(Entries supplied):
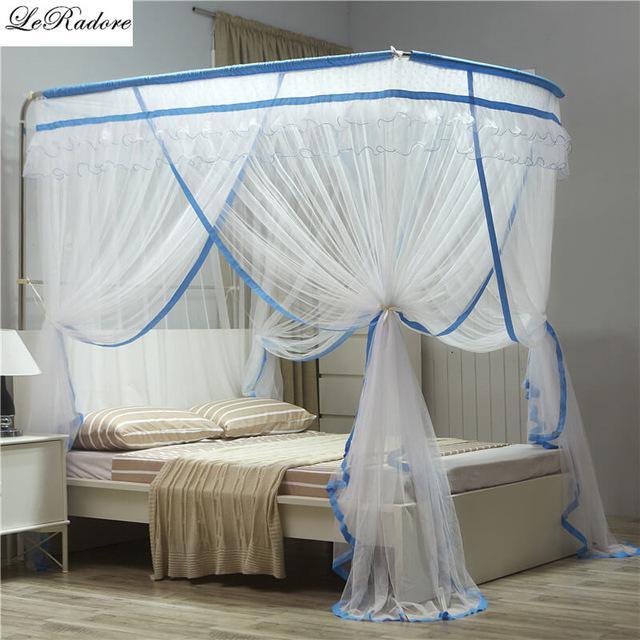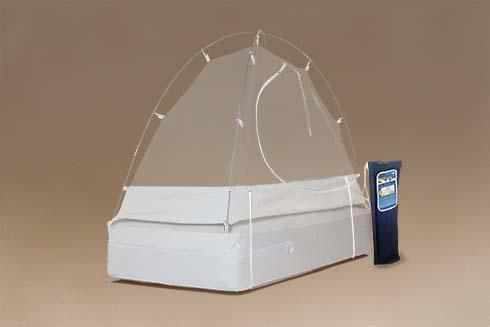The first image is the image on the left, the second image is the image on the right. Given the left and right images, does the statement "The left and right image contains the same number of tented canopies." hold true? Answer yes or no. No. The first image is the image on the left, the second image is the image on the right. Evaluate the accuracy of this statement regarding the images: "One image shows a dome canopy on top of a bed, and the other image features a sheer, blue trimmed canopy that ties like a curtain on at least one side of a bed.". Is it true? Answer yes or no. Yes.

* * *

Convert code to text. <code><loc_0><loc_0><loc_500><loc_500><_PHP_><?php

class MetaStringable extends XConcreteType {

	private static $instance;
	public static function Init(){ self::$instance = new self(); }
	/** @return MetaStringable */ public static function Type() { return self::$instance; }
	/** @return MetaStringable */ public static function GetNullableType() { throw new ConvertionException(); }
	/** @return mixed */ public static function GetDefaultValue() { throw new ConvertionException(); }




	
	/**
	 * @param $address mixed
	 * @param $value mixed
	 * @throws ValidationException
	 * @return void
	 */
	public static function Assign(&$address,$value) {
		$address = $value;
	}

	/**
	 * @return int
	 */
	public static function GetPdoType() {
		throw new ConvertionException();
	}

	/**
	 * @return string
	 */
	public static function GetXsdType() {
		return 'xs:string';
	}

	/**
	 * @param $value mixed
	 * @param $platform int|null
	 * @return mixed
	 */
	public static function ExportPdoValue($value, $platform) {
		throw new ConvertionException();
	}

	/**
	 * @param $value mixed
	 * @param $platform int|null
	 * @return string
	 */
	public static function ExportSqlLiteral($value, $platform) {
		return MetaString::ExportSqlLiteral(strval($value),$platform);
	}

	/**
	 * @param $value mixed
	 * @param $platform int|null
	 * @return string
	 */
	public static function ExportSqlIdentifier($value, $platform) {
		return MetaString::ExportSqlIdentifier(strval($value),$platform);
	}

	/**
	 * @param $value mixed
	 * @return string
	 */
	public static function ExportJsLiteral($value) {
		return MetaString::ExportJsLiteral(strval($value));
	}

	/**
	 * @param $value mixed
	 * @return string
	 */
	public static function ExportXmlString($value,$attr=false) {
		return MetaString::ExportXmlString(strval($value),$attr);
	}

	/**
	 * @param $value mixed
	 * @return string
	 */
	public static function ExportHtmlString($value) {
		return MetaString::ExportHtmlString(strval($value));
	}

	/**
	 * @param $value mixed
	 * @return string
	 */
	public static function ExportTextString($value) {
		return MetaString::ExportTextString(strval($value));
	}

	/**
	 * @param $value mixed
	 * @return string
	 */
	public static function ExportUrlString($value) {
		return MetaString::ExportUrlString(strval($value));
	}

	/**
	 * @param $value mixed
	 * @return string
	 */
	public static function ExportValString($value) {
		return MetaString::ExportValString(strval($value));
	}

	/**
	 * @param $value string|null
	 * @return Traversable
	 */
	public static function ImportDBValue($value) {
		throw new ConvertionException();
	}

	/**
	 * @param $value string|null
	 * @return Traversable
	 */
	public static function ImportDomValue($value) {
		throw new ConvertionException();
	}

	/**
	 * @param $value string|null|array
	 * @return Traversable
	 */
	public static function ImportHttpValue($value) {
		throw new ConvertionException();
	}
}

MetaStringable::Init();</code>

(Aim of the exercise): The word "ExportSqlLiteral" appears in some lines of the records. Please work out how many and reply with that number only.

(Task solution): 2